The goal of this work is to introduce new families of shock-capturing high-order numerical methods for systems of conservation laws that combine Fast WENO (FWENO) and Optimal WENO (OWENO) reconstructions with Approximate Taylor methods for the time discretization. FWENO reconstructions are based on smoothness indicators that require a lower number of calculations than the standard ones. OWENO reconstructions are based on a definition of the nonlinear weights that allows one to unconditionally attain the optimal order of accuracy regardless of the order of critical points. Approximate Taylor methods update the numerical solutions by using a Taylor expansion in time in which, instead of using the Cauchy–Kovalevskaya procedure, the time derivatives are computed by combining spatial and temporal numerical differentiation with Taylor expansions in a recursive way. These new methods are compared between them and against methods based on standard WENO implementations and/or SSP-RK time discretization. A number of test cases are considered ranging from scalar linear 1d problems to nonlinear systems of conservation laws in 2d.

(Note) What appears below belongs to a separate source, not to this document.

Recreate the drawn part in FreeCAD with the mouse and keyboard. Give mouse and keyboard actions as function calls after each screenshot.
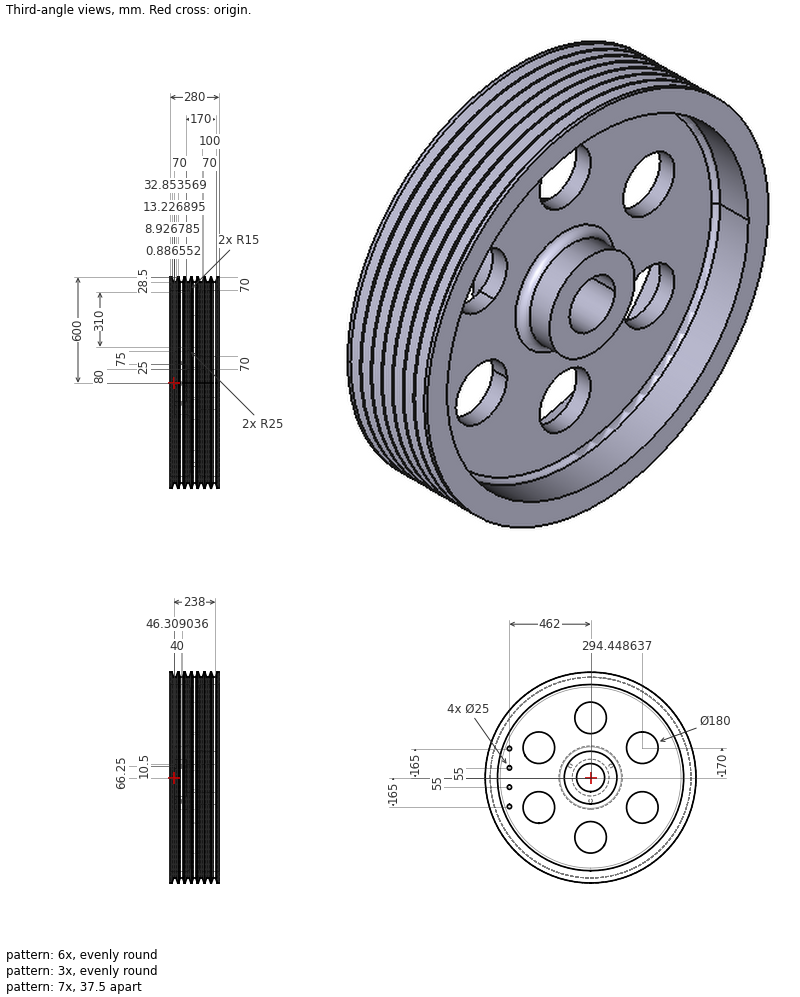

这项工作的目的是为守恒律系统引入新的系列震荡捕捉高阶数值方法，这些方法将快速WENO（FWENO）和最优WENO（OWENO）重构与近似泰勒方法相结合，以实现时间离散。FWENO重建基于平滑度指标，该指标所需的计算量少于标准的计算量。OWENO重建基于非线性权重的定义，该定义使得无论临界点的顺序如何，都可以无条件地获得最佳的精度顺序。近似泰勒方法通过使用时间上的泰勒展开来更新数值解，其中，而不是使用柯西–科瓦列夫斯卡娅过程，时间导数是通过以递归方式将空间和时间数值微分与泰勒展开式相结合来计算的。将这些新方法与基于标准WENO实现和/或SSP-RK时间离散的方法进行比较。考虑了许多测试案例，从标量线性一维问题到二维守恒律非线性系统。